• _Try it_
Keep to the lines from the one with "Now the soccer cleat (17,262,90,402)." through the end of the data, and write them out exactly.

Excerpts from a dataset
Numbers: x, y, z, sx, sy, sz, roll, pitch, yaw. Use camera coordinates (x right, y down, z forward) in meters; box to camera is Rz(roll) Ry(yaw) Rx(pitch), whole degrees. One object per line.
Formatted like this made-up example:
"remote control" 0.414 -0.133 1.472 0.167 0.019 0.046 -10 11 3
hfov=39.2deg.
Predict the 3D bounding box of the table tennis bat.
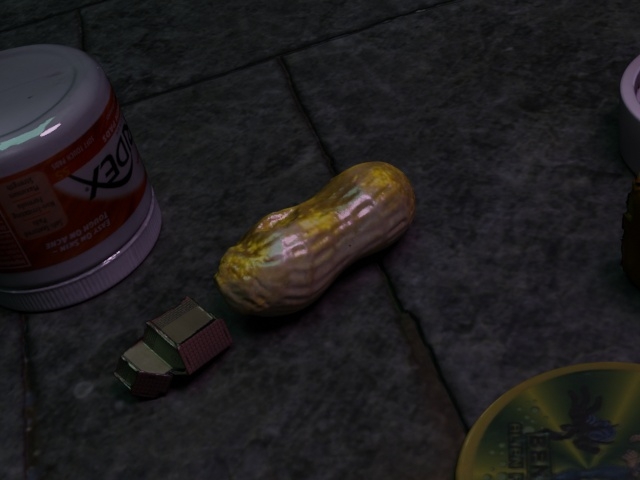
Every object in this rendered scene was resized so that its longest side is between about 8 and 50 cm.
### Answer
"table tennis bat" 0.245 0.155 0.577 0.321 0.050 0.198 -5 39 18

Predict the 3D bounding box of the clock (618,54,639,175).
"clock" 0.377 -0.118 0.825 0.197 0.068 0.196 -8 41 7

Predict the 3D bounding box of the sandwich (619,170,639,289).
"sandwich" 0.298 0.020 0.656 0.079 0.113 0.163 -21 41 -7

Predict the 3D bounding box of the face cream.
"face cream" -0.276 -0.064 0.873 0.201 0.187 0.201 -9 41 8

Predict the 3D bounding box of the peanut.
"peanut" 0.000 0.000 0.795 0.207 0.087 0.087 -32 43 -23

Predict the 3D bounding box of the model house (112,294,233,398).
"model house" -0.122 0.095 0.756 0.058 0.057 0.083 37 38 14
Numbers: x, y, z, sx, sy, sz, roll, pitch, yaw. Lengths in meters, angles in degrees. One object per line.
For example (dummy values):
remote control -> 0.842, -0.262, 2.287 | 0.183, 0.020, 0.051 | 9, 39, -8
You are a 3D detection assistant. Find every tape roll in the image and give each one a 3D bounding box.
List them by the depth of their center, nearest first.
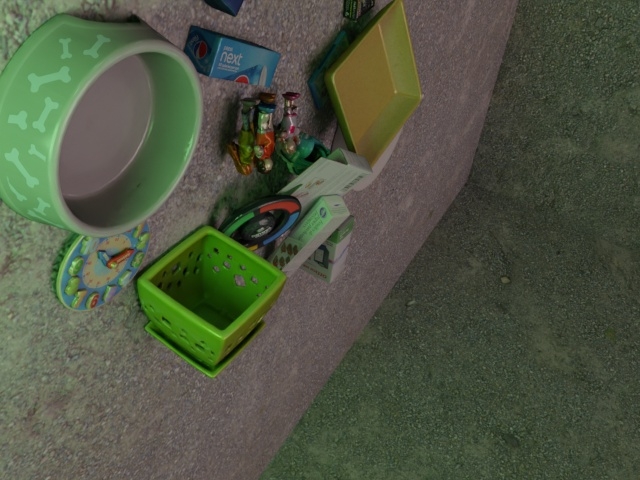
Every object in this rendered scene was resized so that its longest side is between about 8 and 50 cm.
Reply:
tape roll -> 0.158, -0.340, 1.943 | 0.392, 0.072, 0.392 | -50, 157, -31

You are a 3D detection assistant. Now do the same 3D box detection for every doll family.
doll family -> -0.127, -0.223, 1.339 | 0.263, 0.118, 0.163 | -53, 152, -64

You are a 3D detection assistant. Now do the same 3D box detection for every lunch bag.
lunch bag -> -0.159, -0.417, 1.031 | 0.065, 0.067, 0.098 | -63, 162, 2

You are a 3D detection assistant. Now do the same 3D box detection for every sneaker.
sneaker -> -0.027, -0.208, 1.583 | 0.107, 0.110, 0.275 | -64, 162, 2

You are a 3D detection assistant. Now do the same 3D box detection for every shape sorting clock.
shape sorting clock -> -0.375, 0.037, 1.114 | 0.206, 0.040, 0.206 | -51, 157, -31

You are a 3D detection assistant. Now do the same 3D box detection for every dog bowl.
dog bowl -> -0.308, -0.160, 0.938 | 0.349, 0.102, 0.349 | -51, 158, -29

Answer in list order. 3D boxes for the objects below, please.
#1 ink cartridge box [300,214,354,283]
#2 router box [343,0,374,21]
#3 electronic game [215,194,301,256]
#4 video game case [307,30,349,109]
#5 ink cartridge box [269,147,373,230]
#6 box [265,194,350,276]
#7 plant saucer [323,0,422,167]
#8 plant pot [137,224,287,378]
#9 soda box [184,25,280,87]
ink cartridge box -> 0.000, 0.000, 1.855 | 0.093, 0.154, 0.212 | -45, 155, -41
router box -> 0.096, -0.595, 1.496 | 0.092, 0.038, 0.122 | -50, 156, -35
electronic game -> -0.146, -0.032, 1.469 | 0.229, 0.048, 0.229 | -27, 161, -10
video game case -> 0.027, -0.423, 1.582 | 0.166, 0.015, 0.119 | -58, 161, -12
ink cartridge box -> -0.040, -0.125, 1.543 | 0.275, 0.060, 0.239 | -36, 157, 26
box -> -0.041, -0.003, 1.667 | 0.067, 0.063, 0.324 | -11, 155, -40
plant saucer -> 0.130, -0.400, 1.645 | 0.333, 0.081, 0.333 | -54, 143, -25
plant pot -> -0.236, 0.142, 1.348 | 0.227, 0.228, 0.207 | -45, 161, -42
soda box -> -0.157, -0.330, 1.151 | 0.210, 0.067, 0.071 | -17, 131, -64
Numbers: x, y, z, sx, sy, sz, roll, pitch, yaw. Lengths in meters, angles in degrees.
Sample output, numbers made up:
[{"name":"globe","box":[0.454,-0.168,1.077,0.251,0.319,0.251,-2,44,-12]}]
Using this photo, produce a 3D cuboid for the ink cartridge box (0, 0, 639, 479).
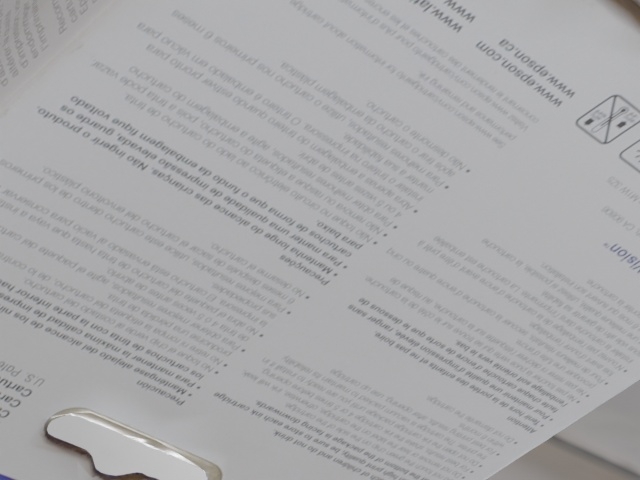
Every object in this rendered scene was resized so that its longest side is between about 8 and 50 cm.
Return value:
[{"name":"ink cartridge box","box":[0.000,0.000,0.441,0.224,0.045,0.223,-39,-48,24]}]
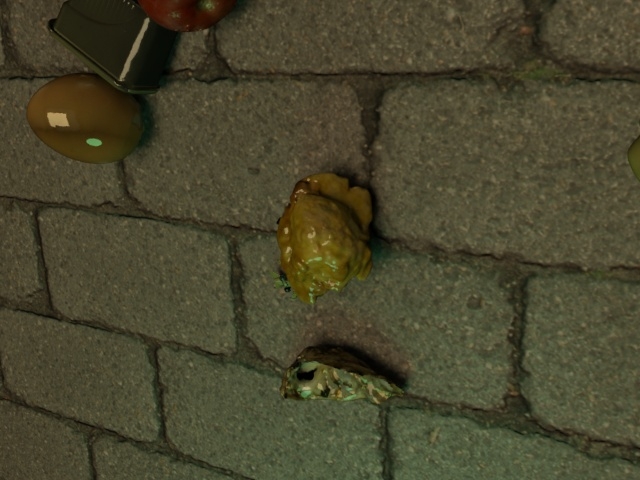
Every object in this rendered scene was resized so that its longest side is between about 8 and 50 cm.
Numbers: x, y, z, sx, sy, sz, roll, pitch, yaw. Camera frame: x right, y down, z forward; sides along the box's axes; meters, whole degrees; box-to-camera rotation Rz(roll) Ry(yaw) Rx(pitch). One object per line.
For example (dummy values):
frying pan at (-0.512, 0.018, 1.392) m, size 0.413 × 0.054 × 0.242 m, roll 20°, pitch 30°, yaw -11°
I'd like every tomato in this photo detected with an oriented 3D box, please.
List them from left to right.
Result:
tomato at (-0.255, -0.505, 1.489) m, size 0.208 × 0.208 × 0.184 m, roll -47°, pitch 64°, yaw 36°

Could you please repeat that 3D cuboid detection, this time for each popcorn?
popcorn at (0.003, -0.003, 1.518) m, size 0.191 × 0.190 × 0.253 m, roll -6°, pitch 100°, yaw 28°

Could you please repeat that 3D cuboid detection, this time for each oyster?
oyster at (0.044, 0.294, 1.676) m, size 0.295 × 0.094 × 0.166 m, roll 7°, pitch 130°, yaw 21°

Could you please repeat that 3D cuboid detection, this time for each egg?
egg at (-0.520, -0.271, 1.739) m, size 0.201 × 0.245 × 0.201 m, roll -4°, pitch 85°, yaw 60°

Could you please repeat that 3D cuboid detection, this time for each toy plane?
toy plane at (-0.059, 0.085, 1.682) m, size 0.111 × 0.040 × 0.102 m, roll 2°, pitch 127°, yaw 35°

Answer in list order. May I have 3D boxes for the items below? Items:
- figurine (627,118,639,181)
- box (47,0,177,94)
figurine at (0.570, -0.148, 1.113) m, size 0.262 × 0.154 × 0.179 m, roll -16°, pitch 87°, yaw 40°
box at (-0.433, -0.455, 1.678) m, size 0.274 × 0.138 × 0.178 m, roll 39°, pitch 115°, yaw 15°
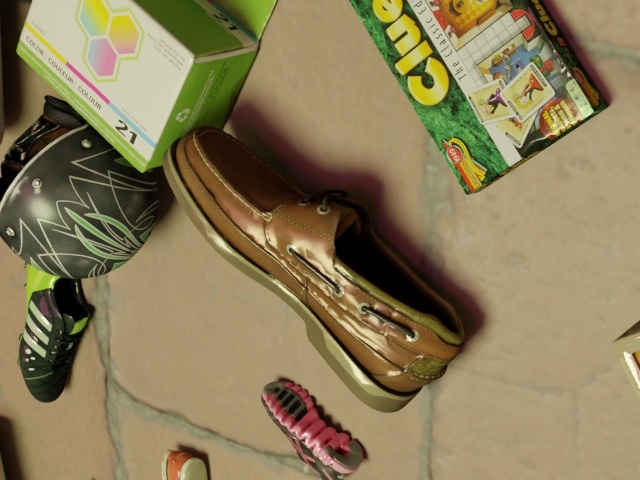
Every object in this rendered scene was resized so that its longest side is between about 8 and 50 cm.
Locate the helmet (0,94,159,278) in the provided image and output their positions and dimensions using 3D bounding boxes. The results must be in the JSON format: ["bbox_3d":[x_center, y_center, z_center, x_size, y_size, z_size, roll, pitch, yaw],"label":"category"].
[{"bbox_3d":[-0.233,-0.043,1.189,0.161,0.169,0.169,44,130,44],"label":"helmet"}]

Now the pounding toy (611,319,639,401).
[{"bbox_3d":[0.335,0.108,0.856,0.206,0.094,0.181,-28,88,41],"label":"pounding toy"}]

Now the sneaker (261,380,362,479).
[{"bbox_3d":[-0.016,0.185,1.192,0.119,0.047,0.057,44,138,19],"label":"sneaker"}]

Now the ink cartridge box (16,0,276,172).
[{"bbox_3d":[-0.143,-0.221,1.108,0.189,0.097,0.255,42,127,19],"label":"ink cartridge box"}]

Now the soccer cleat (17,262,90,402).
[{"bbox_3d":[-0.284,0.098,1.354,0.072,0.060,0.179,17,112,31],"label":"soccer cleat"}]

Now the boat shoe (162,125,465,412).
[{"bbox_3d":[0.000,0.000,1.079,0.307,0.111,0.104,45,124,4],"label":"boat shoe"}]

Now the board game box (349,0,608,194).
[{"bbox_3d":[0.100,-0.177,0.981,0.136,0.030,0.260,-36,82,42],"label":"board game box"}]

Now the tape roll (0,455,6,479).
[{"bbox_3d":[-0.484,0.317,1.465,0.246,0.246,0.169,1,106,37],"label":"tape roll"}]

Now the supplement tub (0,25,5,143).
[{"bbox_3d":[-0.434,-0.239,1.236,0.235,0.235,0.325,17,115,32],"label":"supplement tub"}]

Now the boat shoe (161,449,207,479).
[{"bbox_3d":[-0.143,0.284,1.318,0.043,0.049,0.137,12,110,38],"label":"boat shoe"}]

• _Response to this task_
Now the soccer cleat (17,262,90,402).
[{"bbox_3d":[-0.284,0.098,1.354,0.072,0.060,0.179,17,112,31],"label":"soccer cleat"}]

Now the boat shoe (162,125,465,412).
[{"bbox_3d":[0.000,0.000,1.079,0.307,0.111,0.104,45,124,4],"label":"boat shoe"}]

Now the board game box (349,0,608,194).
[{"bbox_3d":[0.100,-0.177,0.981,0.136,0.030,0.260,-36,82,42],"label":"board game box"}]

Now the tape roll (0,455,6,479).
[{"bbox_3d":[-0.484,0.317,1.465,0.246,0.246,0.169,1,106,37],"label":"tape roll"}]

Now the supplement tub (0,25,5,143).
[{"bbox_3d":[-0.434,-0.239,1.236,0.235,0.235,0.325,17,115,32],"label":"supplement tub"}]

Now the boat shoe (161,449,207,479).
[{"bbox_3d":[-0.143,0.284,1.318,0.043,0.049,0.137,12,110,38],"label":"boat shoe"}]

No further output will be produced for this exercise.